Anglican Parish of Mt Dandenong parish council member Peter Adams said the church took it in their stride to offer help to those who were traumatised, had lost their homes or had their homes damaged by trees and debris.
Mr Adams said the parish opened the hall at St Michael’s and All Angels in Kalorama to serve the community.
“It’s amazing when the chips are down what people are prepared to do,” he said.
“Individually [we] couldn’t have done it.”
Mr Adams said the church partnered with the local Lions Association so that they could provide adequate assistance to everyone who came.
He said people donated money, food and clothing to the cause.
Mr Adams said that another Anglican clergy member donated a generator so they could offer heating and electricity from the hall.
He said people are still coming on Tuesday afternoons to the drop-in program begun after the storm.
“We’re in a sort of village atmosphere here and it’s important that the church remain in the community,” he said.
Mr Adams said that the storms had taught the parish the importance of responding to needs in the community.

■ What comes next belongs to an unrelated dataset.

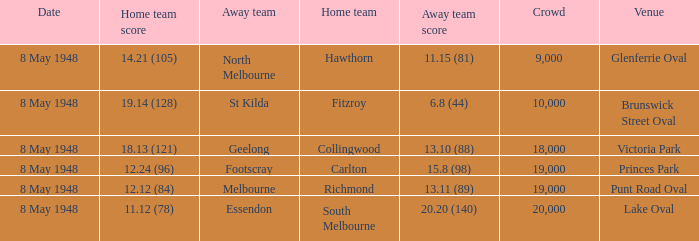Which home team has a score of 11.12 (78)? South Melbourne.

He also said that the parish had found ways to distribute extra donated goods to other community groups who were in need across Melbourne.
He said their experience was an encouragement to those in other parishes who had also found numbers dwindling.

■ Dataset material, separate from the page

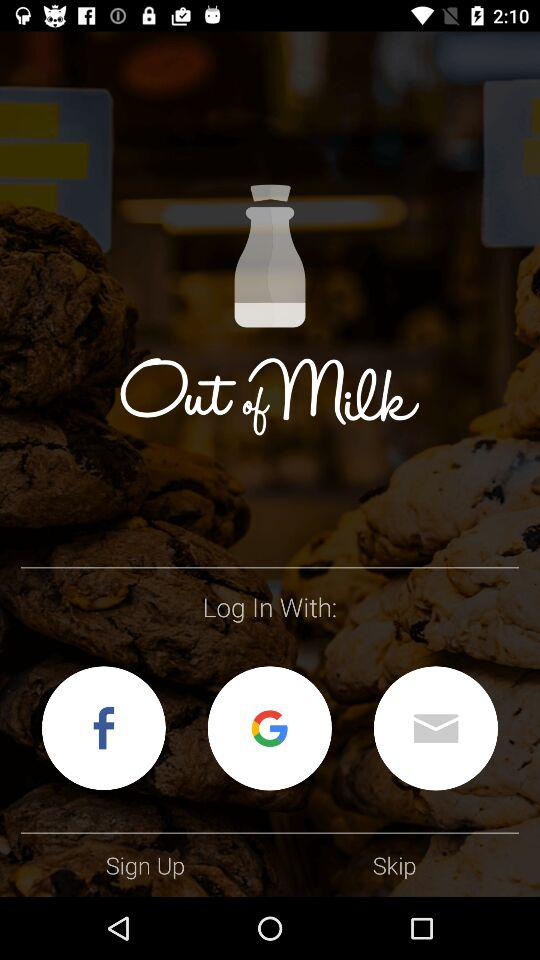Which applications can we use for logging in? You can use "Facebook" and "Google" for logging in.

“The answer is you need to reach out,” he said.
“Try and listen to people to understand what their problems are and to offer help.
“The path to recovery is paved with resilience.”

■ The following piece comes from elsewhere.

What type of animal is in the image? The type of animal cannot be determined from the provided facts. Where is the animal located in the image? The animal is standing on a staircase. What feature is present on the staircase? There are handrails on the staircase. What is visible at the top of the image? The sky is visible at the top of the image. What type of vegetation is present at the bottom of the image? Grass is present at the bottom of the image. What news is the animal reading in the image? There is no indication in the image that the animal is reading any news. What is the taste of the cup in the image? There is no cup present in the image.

Parishioner Wendy Berry’s house was severely damaged in the storm when a large tree fell across the front of it.
Ms Berry said the damage was still being repaired, with the current estimate for completion being 30 September.
She said she has been living in alternate accommodation since the storms occurred.
Ms Berry said the event was terrible and had turned her life completely upside down.
“My head knows that God is in control, but my heart is broken,” she said.
But she said the Anglican community had offered practical support within days of the storm.
She said that Bishop Paul Barker had visited those impacted, and Mt Dandenong parish vicar Reverend Andrew Smith and his wife Beth had opened the hall and volunteered to cook alongside the CFA.
She said she had also been allocated a personal caseworker from Anglicare who had been “absolutely fabulous”.
“The Anglican diocese here in Melbourne was wonderful,” she said.
“We had generators, food and clothing and it really helped to gel the community together.
“There are so many people who talk about how wonderful it was and how if it hadn’t been for the community, we wouldn’t be where we are now.
“I want to say a big thank you to the whole Anglican community [for] how we felt really supported through the ordeal that we went through.
“It really has been faith in action.”